2. Choose Your Setup

Three system types work at home scale. The choice depends on available space, target crops, and tolerance for complexity.

Media bed are recommended for beginners. Plants grow in a bed of inert media, such as expanded clay pebbles, gravel, or lava rock, positioned above or beside the fish tank. A pump floods the bed periodically, then drains back. The media supports roots and houses beneficial bacteria. Research from Texas A&M confirmed media beds are the most forgiving system for beginners and support the widest range of crops, including fruiting vegetables like tomatoes and cucumbers. The Oklahoma Cooperative Extension Service provides detailed DIY build plans.

A 2025 study found that carbonized rice husks and cocopeat as grow media can yield five times more crop than traditional expanded clay aggregate (LECA), though they decompose over time and require more frequent replacement.

Nutrient film technique (NFT).

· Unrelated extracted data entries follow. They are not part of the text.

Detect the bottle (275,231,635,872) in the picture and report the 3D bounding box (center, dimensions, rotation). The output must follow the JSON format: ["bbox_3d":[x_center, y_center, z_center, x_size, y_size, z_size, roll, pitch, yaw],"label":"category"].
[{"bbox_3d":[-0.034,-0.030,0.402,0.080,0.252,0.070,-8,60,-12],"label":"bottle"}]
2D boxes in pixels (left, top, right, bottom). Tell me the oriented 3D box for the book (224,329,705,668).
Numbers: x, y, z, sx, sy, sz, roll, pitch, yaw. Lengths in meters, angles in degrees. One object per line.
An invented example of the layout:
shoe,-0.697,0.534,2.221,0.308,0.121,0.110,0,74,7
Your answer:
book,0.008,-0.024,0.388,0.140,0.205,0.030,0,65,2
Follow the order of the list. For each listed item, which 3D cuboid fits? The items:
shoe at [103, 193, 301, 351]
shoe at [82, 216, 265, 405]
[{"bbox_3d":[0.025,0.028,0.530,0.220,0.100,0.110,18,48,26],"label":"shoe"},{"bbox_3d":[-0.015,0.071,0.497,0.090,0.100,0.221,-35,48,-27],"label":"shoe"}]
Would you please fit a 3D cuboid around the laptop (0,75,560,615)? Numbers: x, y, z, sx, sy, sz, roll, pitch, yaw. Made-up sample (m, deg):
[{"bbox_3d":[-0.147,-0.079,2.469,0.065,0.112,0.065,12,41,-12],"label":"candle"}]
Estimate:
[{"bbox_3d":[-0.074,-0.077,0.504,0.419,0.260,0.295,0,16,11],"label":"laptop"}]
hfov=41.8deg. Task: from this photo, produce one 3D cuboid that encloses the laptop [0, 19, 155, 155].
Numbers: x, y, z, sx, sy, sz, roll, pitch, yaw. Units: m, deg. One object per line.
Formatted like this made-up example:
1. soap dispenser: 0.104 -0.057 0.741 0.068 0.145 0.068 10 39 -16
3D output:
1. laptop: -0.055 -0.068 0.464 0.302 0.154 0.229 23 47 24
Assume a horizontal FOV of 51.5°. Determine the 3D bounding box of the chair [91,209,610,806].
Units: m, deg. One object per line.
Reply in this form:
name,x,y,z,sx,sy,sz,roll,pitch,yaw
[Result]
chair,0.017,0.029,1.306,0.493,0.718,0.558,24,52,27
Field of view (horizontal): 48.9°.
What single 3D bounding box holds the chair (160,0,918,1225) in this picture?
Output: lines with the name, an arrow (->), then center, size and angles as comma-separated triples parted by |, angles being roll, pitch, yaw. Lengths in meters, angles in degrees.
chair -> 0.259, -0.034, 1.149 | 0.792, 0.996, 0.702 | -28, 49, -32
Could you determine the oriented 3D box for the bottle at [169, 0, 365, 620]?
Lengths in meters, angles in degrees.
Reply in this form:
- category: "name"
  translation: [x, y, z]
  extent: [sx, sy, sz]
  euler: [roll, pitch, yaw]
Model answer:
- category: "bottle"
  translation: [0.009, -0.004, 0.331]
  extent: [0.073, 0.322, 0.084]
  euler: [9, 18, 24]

A thin stream of water flows continuously through PVC tubes past plant roots dangling inside. Excellent for herbs, lettuce, and small greens in tight or vertical spaces; the tubes can be wall-mounted. Vertical aquaponics setups can increase productivity per unit area by up to 160% compared to horizontal systems, based on research with strawberries and basil. NFT kits are available on Amazon for both DIY and complete systems.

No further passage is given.